The European Journal of Contraception & Reproductive Health Care | 2013

Desogestrel-only contraception may reduce headache frequency and improve quality of life in women suffering from migraine

Gabriele S. Merki-Feld; Bruno Imthurn; Burkhardt Seifert; Laura L. Merki; Reto Agosti; Andreas R. Gantenbein

Abstract Objective To analyse the effects of a three-month course of progestogen-only contraception with desogestrel 75 μg on disability, headache frequency and headache intensity in migraineurs. Materials and methods Migraine disability headache questionnaires (MIDAS) were collected from 37 migraineurs during counselling, and at the end of three months treatment with desogestrel. Another ten women initiated but did not complete treatment. They are included in the overall evaluations of the effect of the regimen on migraine status. Results Desogestrel was associated with significant reductions in headache days and intensity (p < 0.001; p < 0.006), and a significant improvement in quality of life. Days missed at work and days missing leisure activities diminished (p < 0.001; p < 0.001). The MIDAS migraine disability score improved significantly (from 27.4 to 11.1 points) (p < 0.001). While 25 of the 37 women (68%) experienced a decrease of at least one grade, this level of benefit cannot be extrapolated to all initiators. When dropouts are considered, MIDAS grades decrease in 53% (25/47) of the cases. Conclusion The majority of migraineurs experienced a clinically significant reduction in headache frequency and improvement of quality of life with use of desogestrel. Prospective randomised controlled trials are needed to substantiate our results.

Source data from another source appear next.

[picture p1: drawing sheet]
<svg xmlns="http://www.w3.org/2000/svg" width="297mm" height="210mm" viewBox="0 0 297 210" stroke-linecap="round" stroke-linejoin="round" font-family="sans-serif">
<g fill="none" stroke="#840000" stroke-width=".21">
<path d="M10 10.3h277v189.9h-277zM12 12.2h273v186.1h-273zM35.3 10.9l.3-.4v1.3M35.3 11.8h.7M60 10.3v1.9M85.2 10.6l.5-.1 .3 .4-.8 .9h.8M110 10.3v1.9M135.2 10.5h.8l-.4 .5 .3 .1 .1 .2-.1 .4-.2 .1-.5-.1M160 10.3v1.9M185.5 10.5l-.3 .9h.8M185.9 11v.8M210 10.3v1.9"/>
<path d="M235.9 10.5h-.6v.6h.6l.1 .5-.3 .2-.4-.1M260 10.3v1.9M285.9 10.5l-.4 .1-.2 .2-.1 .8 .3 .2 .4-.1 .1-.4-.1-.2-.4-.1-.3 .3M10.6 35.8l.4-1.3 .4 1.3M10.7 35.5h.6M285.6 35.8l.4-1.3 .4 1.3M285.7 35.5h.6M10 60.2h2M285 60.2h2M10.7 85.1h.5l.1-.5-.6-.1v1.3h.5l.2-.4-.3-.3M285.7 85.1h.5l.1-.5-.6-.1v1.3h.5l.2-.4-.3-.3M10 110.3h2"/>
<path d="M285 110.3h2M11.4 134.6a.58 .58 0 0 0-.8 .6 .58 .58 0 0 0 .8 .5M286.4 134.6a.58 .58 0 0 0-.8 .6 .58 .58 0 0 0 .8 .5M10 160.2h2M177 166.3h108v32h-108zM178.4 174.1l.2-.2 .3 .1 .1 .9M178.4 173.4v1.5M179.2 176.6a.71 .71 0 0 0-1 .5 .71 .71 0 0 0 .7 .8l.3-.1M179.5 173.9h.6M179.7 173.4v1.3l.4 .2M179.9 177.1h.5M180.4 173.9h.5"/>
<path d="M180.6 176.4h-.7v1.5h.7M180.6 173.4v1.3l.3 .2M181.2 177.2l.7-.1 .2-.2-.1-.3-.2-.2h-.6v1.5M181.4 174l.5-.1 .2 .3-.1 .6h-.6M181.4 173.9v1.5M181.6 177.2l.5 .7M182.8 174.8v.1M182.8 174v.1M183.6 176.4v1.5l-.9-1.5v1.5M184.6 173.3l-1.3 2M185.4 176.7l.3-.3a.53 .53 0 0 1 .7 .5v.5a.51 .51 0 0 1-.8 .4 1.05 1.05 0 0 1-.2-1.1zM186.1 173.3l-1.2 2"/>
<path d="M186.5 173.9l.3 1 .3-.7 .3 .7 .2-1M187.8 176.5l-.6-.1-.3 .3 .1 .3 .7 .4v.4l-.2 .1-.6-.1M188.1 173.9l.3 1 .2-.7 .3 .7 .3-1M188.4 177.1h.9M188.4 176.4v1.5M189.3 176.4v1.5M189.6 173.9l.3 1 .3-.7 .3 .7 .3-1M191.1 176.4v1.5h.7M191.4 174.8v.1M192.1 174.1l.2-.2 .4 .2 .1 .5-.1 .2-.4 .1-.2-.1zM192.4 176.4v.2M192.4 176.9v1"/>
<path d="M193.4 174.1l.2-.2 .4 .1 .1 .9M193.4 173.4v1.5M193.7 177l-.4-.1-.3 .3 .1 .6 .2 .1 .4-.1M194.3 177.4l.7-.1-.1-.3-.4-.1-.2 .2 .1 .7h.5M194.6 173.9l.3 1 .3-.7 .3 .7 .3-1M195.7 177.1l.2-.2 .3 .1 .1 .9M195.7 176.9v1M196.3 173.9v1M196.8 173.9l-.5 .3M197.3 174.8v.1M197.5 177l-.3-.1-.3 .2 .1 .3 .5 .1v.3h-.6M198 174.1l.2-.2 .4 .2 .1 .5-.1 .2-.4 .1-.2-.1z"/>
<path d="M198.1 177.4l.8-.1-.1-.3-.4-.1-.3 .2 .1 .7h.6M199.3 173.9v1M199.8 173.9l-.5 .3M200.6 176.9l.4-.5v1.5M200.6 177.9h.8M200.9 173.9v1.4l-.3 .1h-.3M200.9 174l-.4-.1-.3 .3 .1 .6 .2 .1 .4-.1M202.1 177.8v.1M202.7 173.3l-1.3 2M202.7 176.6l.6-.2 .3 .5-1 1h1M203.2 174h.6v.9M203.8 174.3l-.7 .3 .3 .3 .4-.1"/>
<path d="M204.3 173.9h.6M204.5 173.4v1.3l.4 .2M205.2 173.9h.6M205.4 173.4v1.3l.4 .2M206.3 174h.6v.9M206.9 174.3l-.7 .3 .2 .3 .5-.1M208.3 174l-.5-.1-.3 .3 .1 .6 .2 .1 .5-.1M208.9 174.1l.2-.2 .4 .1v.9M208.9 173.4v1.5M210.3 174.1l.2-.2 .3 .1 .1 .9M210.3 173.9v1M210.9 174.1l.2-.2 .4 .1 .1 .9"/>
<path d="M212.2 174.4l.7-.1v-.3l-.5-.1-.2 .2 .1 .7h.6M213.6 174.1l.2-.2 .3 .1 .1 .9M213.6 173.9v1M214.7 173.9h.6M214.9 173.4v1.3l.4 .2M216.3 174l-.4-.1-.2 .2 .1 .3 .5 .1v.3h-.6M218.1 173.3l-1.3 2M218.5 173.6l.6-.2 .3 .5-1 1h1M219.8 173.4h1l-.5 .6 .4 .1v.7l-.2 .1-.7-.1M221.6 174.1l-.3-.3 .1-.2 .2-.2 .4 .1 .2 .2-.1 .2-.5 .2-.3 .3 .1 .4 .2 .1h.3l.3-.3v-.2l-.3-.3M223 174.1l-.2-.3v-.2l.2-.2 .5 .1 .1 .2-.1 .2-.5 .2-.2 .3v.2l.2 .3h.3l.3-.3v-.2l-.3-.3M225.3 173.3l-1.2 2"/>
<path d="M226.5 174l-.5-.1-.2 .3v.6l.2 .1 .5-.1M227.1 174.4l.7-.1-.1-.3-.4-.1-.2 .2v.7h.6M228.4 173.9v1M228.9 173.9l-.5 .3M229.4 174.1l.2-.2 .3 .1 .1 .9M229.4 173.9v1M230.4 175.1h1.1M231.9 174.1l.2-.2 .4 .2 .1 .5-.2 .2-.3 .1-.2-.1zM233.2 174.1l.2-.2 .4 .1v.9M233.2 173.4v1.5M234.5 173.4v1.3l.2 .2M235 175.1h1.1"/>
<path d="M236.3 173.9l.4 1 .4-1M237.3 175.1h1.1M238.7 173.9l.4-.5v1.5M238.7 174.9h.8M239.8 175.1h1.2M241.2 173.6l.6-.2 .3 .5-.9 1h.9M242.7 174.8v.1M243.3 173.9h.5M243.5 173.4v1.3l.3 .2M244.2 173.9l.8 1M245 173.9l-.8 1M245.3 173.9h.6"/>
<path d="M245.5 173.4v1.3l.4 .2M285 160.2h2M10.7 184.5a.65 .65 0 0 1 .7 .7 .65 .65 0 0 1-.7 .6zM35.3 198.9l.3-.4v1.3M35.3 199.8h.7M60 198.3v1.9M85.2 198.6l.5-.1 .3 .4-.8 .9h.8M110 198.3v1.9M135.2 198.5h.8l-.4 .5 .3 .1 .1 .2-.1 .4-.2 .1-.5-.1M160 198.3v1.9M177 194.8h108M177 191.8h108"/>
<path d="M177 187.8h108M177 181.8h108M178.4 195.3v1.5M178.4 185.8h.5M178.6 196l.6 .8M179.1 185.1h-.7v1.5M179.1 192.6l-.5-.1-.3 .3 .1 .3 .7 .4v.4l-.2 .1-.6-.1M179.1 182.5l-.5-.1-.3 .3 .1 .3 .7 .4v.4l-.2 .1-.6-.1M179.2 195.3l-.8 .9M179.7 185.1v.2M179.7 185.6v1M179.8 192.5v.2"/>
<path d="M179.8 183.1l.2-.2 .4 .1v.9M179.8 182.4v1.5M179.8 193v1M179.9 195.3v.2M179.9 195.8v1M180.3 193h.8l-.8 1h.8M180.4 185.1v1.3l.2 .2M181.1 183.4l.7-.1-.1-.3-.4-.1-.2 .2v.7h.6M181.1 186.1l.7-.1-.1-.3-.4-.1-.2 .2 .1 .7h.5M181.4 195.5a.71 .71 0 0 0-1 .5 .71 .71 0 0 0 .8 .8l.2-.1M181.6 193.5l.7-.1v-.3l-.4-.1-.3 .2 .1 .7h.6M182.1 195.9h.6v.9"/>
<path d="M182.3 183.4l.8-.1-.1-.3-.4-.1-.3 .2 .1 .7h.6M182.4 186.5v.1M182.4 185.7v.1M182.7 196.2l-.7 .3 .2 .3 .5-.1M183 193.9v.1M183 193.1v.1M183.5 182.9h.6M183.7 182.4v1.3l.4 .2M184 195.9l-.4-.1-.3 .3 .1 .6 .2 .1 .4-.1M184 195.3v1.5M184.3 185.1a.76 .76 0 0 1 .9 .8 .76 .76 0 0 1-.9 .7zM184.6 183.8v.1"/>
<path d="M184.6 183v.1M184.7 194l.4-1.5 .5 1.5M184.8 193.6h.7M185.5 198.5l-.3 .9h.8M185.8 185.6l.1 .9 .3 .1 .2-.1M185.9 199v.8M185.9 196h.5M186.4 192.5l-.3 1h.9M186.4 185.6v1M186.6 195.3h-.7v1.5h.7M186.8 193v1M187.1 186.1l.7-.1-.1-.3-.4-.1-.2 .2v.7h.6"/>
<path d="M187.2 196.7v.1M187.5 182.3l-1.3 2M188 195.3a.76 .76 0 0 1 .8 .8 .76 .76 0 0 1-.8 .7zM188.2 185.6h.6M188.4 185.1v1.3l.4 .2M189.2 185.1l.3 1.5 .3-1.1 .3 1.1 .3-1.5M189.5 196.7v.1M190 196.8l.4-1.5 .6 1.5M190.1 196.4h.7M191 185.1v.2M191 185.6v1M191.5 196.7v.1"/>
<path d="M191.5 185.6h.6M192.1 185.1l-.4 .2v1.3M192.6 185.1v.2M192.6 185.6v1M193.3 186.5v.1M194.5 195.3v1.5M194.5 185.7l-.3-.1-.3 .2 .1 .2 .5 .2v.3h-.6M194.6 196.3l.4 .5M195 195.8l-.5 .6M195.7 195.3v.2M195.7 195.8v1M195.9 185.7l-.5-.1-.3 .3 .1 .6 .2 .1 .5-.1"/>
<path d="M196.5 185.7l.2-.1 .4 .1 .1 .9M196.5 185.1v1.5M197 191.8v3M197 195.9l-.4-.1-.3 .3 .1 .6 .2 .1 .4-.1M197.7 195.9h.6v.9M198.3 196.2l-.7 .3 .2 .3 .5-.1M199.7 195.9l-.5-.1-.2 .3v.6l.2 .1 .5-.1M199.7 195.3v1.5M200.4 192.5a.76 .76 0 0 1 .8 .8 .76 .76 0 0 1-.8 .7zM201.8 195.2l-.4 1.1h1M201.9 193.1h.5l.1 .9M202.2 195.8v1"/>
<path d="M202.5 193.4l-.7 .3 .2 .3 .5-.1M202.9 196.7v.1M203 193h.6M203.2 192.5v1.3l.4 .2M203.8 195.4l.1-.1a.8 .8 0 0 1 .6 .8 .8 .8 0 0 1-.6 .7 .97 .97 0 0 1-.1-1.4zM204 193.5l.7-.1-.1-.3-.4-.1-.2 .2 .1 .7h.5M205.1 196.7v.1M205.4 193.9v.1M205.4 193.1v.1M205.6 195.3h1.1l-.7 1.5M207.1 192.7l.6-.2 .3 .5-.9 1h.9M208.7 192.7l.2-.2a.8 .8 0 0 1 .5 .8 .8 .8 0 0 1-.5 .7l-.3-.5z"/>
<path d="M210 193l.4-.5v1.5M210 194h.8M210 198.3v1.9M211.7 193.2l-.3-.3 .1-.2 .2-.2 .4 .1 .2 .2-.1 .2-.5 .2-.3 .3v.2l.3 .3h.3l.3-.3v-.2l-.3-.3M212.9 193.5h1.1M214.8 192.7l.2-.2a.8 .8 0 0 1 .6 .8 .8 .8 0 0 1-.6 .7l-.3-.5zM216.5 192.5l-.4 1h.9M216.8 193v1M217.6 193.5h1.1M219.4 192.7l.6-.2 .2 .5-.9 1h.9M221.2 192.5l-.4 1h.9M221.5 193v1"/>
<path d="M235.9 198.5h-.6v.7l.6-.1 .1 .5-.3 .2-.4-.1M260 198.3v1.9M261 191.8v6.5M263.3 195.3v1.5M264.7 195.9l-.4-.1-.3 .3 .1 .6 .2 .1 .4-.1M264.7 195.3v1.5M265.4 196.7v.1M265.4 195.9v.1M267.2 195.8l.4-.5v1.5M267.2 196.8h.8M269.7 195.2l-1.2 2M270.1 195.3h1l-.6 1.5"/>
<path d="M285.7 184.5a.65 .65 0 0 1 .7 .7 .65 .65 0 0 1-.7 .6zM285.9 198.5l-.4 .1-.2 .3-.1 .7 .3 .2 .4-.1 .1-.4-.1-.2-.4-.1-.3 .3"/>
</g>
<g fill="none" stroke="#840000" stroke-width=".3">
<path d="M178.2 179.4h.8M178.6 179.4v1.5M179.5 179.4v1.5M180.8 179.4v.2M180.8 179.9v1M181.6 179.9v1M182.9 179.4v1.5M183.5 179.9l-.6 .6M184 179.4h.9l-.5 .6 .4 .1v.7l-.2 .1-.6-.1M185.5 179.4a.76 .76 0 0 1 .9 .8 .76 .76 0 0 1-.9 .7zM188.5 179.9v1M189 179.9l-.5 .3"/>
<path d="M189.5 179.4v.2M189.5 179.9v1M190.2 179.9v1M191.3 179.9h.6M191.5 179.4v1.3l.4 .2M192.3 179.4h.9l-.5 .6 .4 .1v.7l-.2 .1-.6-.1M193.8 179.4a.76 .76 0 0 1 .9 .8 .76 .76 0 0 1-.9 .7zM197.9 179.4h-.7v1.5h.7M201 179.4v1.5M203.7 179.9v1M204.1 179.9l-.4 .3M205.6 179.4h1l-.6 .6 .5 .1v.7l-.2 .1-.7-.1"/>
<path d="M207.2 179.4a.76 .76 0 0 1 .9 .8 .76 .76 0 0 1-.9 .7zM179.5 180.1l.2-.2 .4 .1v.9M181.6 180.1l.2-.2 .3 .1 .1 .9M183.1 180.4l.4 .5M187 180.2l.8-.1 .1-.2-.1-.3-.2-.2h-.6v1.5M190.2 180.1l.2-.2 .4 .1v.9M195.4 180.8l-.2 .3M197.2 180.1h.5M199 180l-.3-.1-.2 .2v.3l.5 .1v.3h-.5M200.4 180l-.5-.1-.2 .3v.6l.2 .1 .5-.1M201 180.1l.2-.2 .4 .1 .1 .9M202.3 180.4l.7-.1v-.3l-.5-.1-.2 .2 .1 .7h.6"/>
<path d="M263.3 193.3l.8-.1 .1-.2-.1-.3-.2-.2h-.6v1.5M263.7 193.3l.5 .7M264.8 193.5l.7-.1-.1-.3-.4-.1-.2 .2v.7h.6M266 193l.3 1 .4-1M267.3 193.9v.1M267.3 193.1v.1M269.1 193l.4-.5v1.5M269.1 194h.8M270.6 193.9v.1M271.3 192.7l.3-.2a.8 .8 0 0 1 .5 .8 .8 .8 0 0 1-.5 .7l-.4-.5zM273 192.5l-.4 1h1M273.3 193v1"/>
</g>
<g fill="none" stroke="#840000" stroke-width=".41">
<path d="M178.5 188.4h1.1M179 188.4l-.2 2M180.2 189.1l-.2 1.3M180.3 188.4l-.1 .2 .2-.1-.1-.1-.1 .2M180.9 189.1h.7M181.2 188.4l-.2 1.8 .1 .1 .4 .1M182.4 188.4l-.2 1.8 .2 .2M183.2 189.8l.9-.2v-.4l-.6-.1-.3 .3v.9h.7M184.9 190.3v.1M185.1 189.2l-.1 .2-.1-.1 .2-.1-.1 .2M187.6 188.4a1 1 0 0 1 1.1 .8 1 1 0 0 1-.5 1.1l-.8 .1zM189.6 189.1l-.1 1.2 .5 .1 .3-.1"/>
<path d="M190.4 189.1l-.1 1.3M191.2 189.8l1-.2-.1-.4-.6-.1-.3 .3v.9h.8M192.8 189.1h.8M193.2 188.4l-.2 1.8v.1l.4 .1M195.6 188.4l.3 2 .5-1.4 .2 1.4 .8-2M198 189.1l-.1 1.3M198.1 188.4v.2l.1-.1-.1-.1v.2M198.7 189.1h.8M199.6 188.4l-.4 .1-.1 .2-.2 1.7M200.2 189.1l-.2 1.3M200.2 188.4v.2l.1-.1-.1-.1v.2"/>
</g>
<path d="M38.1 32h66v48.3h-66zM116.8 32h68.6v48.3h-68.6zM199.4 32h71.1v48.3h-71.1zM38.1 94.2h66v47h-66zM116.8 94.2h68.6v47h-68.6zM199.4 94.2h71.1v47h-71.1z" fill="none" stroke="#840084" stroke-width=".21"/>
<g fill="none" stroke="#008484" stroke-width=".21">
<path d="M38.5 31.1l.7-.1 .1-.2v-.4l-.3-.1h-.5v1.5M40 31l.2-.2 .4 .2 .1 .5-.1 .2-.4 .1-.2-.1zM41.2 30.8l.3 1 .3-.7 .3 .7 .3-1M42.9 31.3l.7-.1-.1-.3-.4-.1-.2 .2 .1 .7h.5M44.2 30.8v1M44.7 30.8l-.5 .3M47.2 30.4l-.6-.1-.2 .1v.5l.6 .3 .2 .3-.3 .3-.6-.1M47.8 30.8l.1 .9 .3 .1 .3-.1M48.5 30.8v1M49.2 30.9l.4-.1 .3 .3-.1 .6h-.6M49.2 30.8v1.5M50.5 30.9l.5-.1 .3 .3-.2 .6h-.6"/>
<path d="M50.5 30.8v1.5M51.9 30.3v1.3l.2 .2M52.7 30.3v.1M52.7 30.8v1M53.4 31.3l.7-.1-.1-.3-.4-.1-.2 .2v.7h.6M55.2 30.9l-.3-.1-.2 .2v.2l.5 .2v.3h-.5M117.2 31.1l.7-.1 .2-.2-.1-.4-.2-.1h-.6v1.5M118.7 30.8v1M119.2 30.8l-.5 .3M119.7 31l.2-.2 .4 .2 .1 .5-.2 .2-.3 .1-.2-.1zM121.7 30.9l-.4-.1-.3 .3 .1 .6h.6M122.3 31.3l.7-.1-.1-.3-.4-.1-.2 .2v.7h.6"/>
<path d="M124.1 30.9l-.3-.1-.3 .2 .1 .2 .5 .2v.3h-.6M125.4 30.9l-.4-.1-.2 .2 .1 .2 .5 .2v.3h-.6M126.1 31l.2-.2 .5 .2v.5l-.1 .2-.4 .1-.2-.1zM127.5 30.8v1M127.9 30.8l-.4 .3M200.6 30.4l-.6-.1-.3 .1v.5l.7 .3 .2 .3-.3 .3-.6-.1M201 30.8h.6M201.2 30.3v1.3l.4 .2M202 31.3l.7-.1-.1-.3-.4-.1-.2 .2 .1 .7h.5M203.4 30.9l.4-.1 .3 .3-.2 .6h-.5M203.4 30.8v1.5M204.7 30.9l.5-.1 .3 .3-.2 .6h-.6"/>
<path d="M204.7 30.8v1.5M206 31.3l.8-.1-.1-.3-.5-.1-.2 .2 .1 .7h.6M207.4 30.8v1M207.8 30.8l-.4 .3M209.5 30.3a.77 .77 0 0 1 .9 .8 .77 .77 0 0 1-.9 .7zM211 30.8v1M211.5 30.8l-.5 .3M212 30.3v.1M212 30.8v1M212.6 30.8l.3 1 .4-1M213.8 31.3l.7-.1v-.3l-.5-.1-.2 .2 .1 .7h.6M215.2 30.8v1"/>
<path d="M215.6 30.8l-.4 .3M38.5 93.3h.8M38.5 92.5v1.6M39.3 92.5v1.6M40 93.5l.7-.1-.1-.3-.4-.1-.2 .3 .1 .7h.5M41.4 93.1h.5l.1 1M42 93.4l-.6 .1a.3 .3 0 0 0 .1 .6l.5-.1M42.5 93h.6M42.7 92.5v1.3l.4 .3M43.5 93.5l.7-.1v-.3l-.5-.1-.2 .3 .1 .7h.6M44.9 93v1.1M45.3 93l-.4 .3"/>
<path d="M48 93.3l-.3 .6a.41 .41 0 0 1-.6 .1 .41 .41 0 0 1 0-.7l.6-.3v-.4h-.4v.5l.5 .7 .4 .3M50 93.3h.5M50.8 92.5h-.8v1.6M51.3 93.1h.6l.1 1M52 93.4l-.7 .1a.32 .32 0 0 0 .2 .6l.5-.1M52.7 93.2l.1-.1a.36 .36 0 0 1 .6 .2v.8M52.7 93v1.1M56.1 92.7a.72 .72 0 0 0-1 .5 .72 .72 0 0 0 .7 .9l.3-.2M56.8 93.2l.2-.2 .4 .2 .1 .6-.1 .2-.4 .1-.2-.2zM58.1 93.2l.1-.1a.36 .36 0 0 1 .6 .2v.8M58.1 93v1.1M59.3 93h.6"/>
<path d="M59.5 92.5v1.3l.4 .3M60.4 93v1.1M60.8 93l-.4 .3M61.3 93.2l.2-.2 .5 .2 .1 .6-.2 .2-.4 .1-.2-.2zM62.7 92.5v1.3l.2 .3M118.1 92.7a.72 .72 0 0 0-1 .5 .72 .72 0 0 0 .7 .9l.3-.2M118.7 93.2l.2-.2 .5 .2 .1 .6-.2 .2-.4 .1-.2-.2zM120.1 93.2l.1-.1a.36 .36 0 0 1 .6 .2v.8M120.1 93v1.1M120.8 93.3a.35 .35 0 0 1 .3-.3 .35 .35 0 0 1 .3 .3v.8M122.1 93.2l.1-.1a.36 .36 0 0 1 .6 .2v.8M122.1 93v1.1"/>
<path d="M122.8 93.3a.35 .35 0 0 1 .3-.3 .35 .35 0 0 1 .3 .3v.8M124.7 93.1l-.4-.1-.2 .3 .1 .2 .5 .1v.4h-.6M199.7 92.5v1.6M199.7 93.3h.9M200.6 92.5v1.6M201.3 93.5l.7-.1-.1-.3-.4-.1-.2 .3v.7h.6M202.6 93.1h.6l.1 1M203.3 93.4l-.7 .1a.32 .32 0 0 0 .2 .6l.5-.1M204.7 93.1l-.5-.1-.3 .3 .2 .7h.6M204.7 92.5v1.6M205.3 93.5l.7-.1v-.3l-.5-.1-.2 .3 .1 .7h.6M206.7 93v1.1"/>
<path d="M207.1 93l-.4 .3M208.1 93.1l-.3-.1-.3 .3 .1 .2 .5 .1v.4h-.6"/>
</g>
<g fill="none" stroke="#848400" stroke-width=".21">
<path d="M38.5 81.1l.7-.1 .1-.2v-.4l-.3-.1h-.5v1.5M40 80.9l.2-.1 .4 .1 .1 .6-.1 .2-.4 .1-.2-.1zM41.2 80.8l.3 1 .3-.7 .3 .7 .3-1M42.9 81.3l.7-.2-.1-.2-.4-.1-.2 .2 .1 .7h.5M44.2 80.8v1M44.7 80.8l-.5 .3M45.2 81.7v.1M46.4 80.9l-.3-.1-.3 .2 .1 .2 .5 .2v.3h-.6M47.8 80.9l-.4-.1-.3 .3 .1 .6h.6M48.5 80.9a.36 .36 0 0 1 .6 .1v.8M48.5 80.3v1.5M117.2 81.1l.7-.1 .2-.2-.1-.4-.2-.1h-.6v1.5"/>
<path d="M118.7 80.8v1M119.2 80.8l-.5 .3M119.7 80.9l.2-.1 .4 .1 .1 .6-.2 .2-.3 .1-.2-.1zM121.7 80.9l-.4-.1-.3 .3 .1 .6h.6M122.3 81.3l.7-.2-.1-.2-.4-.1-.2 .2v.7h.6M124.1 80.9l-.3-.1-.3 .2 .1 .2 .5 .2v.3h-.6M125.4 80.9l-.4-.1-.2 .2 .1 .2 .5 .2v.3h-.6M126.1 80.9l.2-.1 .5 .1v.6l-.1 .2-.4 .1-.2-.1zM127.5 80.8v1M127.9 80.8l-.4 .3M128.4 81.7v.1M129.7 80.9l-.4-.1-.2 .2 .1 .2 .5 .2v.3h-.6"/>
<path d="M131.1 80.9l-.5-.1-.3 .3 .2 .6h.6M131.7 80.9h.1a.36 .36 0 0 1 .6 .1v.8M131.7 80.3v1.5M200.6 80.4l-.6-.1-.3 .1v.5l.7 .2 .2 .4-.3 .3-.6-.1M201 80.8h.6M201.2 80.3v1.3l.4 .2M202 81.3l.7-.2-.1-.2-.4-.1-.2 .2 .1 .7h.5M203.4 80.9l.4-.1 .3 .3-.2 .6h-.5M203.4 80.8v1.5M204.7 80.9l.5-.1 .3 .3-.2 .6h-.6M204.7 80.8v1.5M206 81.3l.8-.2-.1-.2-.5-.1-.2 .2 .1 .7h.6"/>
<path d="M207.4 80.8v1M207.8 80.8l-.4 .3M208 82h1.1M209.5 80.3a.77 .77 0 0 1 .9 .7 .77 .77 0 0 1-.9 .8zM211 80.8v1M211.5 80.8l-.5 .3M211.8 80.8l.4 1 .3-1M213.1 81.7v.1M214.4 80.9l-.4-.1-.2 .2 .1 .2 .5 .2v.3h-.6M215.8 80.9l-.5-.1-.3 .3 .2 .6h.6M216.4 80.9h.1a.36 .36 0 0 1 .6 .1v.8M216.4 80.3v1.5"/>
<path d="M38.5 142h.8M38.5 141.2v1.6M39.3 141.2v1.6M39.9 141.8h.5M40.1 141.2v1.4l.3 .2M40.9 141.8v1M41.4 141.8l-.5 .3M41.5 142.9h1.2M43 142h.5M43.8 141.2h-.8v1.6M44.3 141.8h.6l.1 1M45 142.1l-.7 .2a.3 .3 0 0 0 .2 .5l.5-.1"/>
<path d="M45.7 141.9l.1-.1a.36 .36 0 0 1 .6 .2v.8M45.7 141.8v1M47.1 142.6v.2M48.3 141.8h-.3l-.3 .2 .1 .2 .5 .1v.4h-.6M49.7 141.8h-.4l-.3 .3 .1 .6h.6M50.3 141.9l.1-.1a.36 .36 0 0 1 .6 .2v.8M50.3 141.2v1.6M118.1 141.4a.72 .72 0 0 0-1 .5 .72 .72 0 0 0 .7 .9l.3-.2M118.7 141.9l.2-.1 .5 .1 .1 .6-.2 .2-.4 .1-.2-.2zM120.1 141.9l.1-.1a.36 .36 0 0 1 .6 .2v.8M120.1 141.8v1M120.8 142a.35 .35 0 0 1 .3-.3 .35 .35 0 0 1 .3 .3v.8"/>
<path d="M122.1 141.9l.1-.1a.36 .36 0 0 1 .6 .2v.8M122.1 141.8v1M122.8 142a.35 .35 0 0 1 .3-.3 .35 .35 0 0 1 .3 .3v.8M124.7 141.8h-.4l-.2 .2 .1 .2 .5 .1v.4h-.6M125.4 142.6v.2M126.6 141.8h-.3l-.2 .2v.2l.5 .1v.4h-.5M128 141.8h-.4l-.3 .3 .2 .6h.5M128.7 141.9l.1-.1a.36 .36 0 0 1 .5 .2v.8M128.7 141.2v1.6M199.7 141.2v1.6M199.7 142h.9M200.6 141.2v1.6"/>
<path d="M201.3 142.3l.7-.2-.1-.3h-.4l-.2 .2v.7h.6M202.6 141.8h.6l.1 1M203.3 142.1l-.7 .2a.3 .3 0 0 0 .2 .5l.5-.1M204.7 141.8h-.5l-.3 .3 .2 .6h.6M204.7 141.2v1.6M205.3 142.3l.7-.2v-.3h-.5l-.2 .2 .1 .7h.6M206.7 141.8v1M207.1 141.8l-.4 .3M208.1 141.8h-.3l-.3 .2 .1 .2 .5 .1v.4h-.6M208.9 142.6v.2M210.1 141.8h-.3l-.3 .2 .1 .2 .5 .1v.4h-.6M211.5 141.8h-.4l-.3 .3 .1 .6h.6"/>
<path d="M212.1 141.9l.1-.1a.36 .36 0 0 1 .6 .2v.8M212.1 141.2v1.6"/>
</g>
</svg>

Journal of Obstetrics and Gynaecology | 2013

Effects of a combined oral contraceptive containing oestradiol valerate/dienogest on hormone withdrawal-associated symptoms: Results from the multicentre, randomised, double-blind, active-controlled HARMONY II study

G. Macìas; Gabriele S. Merki-Feld; S. Parke; U. Mellinger; Marco Serrani

The objective of this multicentre, randomised, double-blind study was to compare a combined oral contraceptive (COC) containing oestradiol valerate/dienogest (E2V/DNG) administered in a dynamic dosing regimen with a monophasic COC containing ethinyloestradiol/levonorgestrel (EE/LNG), with regard to their ability to reduce the frequency and intensity of headache and pelvic pain in women with hormone withdrawal-associated symptoms (HWAS). Women aged 18–50 years received E2V/DNG in an oestrogen step-down and progestin step-up regimen (26/2 regimen; n = 223) or EE 20 μg/LNG 100 μg (21/7 regimen; n = 218) over six cycles. Headache and pelvic pain were assessed using a visual analogue scale (VAS) during cycle days 22–28. Rescue medication use was also assessed. E2V/DNG was superior to EE/LNG with regard to reducing the frequency and intensity of headache and pelvic pain from baseline to cycle 6 (change from baseline in the average of the three highest VAS values [mean ± standard deviation]: 47.7 ± 29.4 vs 34.5 ± 25.7 mm, respectively; p < 0.0001). The use of rescue medication was also significantly reduced with E2V/DNG compared with EE/LNG (p < 0.05). E2V/DNG may be a good option for women who experience HWAS with traditional 21/7-day regimen COCs.